[[ DATA FOR ANALYSIS open ]]
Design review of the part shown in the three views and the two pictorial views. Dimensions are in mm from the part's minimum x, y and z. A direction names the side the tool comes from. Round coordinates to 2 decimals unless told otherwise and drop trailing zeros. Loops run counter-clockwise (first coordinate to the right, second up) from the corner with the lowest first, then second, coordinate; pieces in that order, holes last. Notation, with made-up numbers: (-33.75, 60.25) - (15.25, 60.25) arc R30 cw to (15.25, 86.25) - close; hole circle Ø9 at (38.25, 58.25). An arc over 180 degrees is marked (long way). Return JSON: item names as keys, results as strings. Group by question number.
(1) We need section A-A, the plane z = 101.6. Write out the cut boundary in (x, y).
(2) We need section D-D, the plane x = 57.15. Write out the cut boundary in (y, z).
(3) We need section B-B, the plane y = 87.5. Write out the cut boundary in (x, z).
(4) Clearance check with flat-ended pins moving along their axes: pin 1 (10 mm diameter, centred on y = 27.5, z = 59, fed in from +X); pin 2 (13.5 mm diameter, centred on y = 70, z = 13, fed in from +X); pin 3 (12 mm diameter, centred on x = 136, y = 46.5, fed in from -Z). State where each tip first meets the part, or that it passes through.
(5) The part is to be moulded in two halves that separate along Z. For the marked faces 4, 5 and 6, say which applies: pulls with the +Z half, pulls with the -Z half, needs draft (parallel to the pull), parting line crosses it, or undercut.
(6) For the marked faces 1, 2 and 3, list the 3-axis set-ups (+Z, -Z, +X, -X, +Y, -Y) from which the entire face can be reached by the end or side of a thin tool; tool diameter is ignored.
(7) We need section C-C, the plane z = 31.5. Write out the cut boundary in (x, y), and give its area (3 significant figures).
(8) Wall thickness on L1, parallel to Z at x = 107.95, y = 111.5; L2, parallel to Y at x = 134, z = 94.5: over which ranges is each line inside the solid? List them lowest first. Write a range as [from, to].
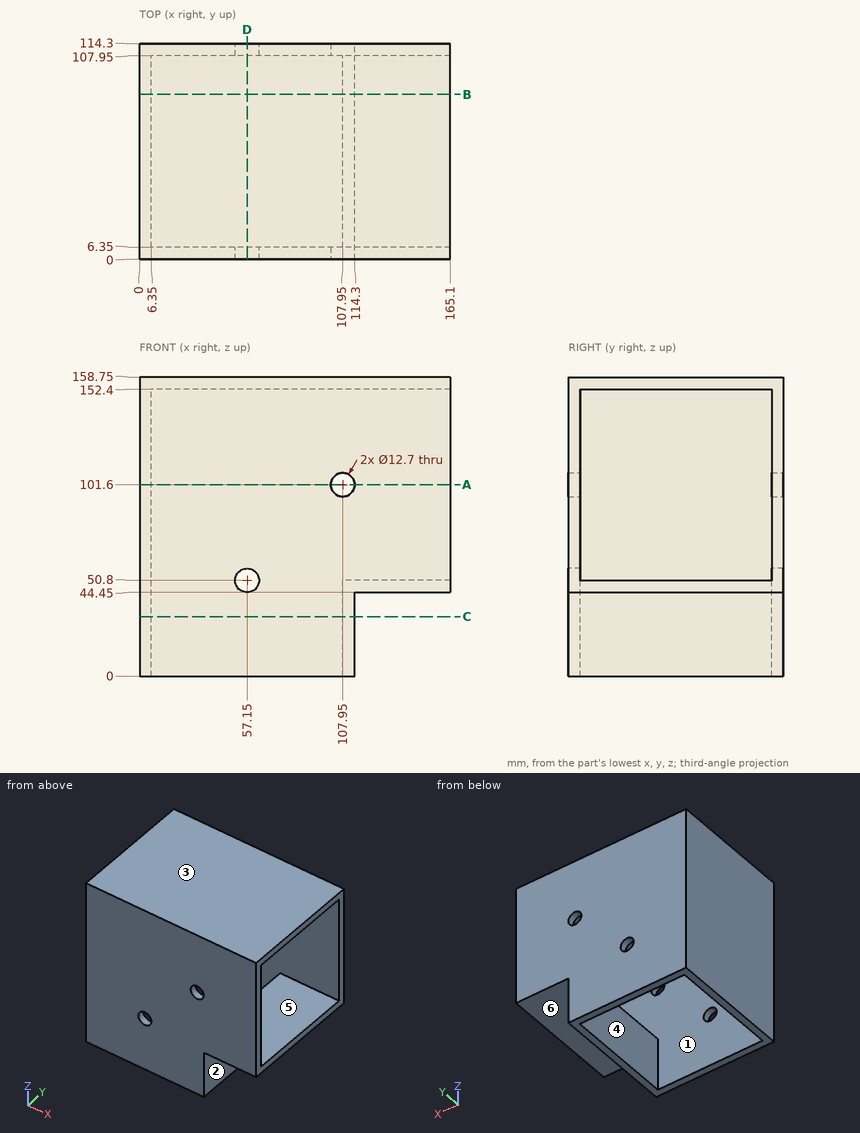
Solutions:
{
 "1": {"outline": "(0, 0) - (101.6, 0) - (101.6, 6.35) - (6.35, 6.35) - (6.35, 107.95) - (101.6, 107.95) - (101.6, 114.3) - (0, 114.3) - close; (114.3, 0) - (165.1, 0) - (165.1, 6.35) - (114.3, 6.35) - close; (114.3, 107.95) - (165.1, 107.95) - (165.1, 114.3) - (114.3, 114.3) - close"},
 "2": {"outline": "(0, 0) - (6.35, 0) - (6.35, 44.45) - (0, 44.45) - close; (0, 57.15) - (6.35, 57.15) - (6.35, 152.4) - (107.95, 152.4) - (107.95, 57.15) - (114.3, 57.15) - (114.3, 158.75) - (0, 158.75) - close; (107.95, 0) - (114.3, 0) - (114.3, 44.45) - (107.95, 44.45) - close"},
 "3": {"outline": "(0, 0) - (6.35, 0) - (6.35, 152.4) - (165.1, 152.4) - (165.1, 158.75) - (0, 158.75) - close; (107.95, 0) - (114.3, 0) - (114.3, 44.45) - (165.1, 44.45) - (165.1, 50.8) - (107.95, 50.8) - close"},
 "4": {"pin 1": "x = 6.35", "pin 2": "x = 114.3", "pin 3": "z = 44.45"},
 "5": {"face 4": "needs draft", "face 5": "undercut", "face 6": "pulls with the -Z half"},
 "6": {"face 1": "none", "face 2": "-Z, +X, +Y, -Y", "face 3": "+Z, +X, -X, +Y, -Y"},
 "7": {"outline": "(0, 0) - (114.3, 0) - (114.3, 114.3) - (0, 114.3) - close; hole (6.35, 6.35) - (107.95, 6.35) - (107.95, 107.95) - (6.35, 107.95) - close", "area": "2,740 mm^2"},
 "8": {"L1": "[0, 95.25], [107.95, 158.75]", "L2": "[0, 6.35], [107.95, 114.3]"}
}
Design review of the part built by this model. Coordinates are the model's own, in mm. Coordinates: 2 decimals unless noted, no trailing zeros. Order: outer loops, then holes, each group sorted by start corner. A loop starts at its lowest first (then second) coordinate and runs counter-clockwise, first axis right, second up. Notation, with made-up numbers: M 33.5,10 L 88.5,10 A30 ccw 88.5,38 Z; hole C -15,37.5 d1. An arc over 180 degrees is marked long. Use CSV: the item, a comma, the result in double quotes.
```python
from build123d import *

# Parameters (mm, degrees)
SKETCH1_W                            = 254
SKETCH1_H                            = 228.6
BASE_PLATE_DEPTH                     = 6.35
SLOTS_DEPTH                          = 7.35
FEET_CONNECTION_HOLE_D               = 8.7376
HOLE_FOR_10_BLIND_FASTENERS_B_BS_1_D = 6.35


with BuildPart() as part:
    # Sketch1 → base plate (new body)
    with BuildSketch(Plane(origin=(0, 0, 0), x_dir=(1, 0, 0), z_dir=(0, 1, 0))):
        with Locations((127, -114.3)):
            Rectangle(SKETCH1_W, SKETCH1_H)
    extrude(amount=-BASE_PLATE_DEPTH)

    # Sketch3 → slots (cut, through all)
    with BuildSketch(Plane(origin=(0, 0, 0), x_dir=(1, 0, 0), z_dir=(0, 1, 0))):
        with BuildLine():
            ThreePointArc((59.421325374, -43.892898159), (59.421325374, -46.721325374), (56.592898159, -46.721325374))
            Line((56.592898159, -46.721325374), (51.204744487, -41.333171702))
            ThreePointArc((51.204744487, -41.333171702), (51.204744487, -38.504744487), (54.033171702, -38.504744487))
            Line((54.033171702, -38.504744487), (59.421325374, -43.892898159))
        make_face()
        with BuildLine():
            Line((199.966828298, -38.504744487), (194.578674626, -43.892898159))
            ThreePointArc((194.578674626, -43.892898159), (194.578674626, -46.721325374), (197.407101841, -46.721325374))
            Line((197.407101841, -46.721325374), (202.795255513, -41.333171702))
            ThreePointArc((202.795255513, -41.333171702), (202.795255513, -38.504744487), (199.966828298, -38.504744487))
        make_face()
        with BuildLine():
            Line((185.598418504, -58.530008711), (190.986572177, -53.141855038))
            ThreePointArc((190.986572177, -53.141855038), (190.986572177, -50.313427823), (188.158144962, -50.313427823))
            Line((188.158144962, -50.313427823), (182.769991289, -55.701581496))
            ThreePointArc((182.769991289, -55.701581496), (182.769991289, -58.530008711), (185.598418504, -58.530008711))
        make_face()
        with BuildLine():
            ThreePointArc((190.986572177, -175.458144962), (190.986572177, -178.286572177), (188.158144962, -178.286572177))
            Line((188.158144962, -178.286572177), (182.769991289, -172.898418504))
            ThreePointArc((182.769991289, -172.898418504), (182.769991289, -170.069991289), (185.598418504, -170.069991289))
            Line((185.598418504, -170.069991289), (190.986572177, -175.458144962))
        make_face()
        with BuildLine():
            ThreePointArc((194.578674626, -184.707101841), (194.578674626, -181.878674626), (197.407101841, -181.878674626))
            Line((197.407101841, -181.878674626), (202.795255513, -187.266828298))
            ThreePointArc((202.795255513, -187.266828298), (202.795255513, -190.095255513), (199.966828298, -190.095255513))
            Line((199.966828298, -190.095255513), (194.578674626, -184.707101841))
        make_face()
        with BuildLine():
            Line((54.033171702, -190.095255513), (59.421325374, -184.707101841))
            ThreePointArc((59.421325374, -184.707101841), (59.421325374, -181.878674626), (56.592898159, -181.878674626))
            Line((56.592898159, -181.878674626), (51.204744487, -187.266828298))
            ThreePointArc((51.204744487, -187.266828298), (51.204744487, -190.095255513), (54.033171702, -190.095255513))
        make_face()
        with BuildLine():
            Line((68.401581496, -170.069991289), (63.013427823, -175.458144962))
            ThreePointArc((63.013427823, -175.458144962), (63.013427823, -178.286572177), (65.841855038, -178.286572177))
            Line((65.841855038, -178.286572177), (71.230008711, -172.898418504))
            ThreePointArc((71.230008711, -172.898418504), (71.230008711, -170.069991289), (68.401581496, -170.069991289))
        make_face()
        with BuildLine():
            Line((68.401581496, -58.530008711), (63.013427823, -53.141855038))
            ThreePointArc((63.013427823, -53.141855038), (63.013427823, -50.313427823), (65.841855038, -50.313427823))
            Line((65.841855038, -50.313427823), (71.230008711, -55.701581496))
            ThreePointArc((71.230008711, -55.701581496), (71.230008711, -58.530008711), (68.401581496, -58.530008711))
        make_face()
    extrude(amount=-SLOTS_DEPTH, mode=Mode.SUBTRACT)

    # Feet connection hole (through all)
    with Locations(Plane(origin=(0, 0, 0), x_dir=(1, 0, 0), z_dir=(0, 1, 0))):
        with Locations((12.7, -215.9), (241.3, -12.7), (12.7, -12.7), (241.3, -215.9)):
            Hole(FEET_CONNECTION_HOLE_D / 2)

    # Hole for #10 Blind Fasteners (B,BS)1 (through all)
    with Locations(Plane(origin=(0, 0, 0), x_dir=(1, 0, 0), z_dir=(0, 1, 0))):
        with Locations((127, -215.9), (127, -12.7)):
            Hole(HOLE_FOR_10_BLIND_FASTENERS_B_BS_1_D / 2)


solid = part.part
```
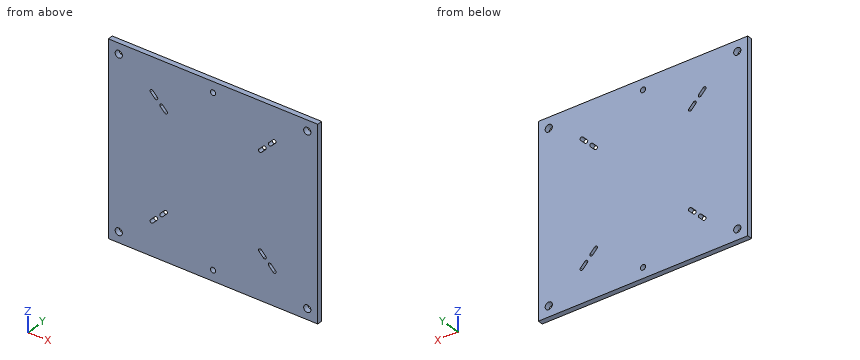
(1) Add section A-A on z = 215.9. State the section outline as (x, y) points (3 decimals).
The answers:
outline,"M 0,-6.35 L 8.331,-6.35 L 8.331,0 L 0,0 Z; M 17.069,-6.35 L 123.825,-6.35 L 123.825,0 L 17.069,0 Z; M 130.175,-6.35 L 236.931,-6.35 L 236.931,0 L 130.175,0 Z; M 245.669,-6.35 L 254,-6.35 L 254,0 L 245.669,0 Z"
(2) Wall thickness on probe 1 along X at (y, z) = (-2, 215.9) (3 decimals); probe 2 along Z at (x, y) = (12.7, -1.75); probe 3 along Z at (x, y) = (127, -2.75) (3 decimals): over which ranges is each line inside the solid? List them lowest first.
The answers:
probe 1,"x = 0 to 8.331, 17.069 to 123.825, 130.175 to 236.931, 245.669 to 254"
probe 2,"z = 0 to 8.33, 17.07 to 211.53, 220.27 to 228.6"
probe 3,"z = 0 to 9.525, 15.875 to 212.725, 219.075 to 228.6"
(3) Add section B-B on x = 127. State the section outline as (y, z) points (3 decimals).
The answers:
outline,"M -6.35,0 L 0,0 L 0,9.525 L -6.35,9.525 Z; M -6.35,15.875 L 0,15.875 L 0,212.725 L -6.35,212.725 Z; M -6.35,219.075 L 0,219.075 L 0,228.6 L -6.35,228.6 Z"
(4) Add section C-C on x = 241.3. State the section outline as (y, z) points, and give its area (3 significant figures).
The answers:
outline,"M -6.35,0 L 0,0 L 0,8.33 L -6.35,8.33 Z; M -6.35,17.07 L 0,17.07 L 0,211.53 L -6.35,211.53 Z; M -6.35,220.27 L 0,220.27 L 0,228.6 L -6.35,228.6 Z"
area,"1,340 mm2"
[[ DATA FOR ANALYSIS closed ]]
- _AIM OF THE TASK_
Show each line of the material that includes the word "through".

- _EXERCISE OUTPUT_
(4) Clearance check with flat-ended pins moving along their axes: pin 1 (10 mm diameter, centred on y = 27.5, z = 59, fed in from +X); pin 2 (13.5 mm diameter, centred on y = 70, z = 13, fed in from +X); pin 3 (12 mm diameter, centred on x = 136, y = 46.5, fed in from -Z). State where each tip first meets the part, or that it passes through.
    # Sketch3 → slots (cut, through all)
    # Feet connection hole (through all)
    # Hole for #10 Blind Fasteners (B,BS)1 (through all)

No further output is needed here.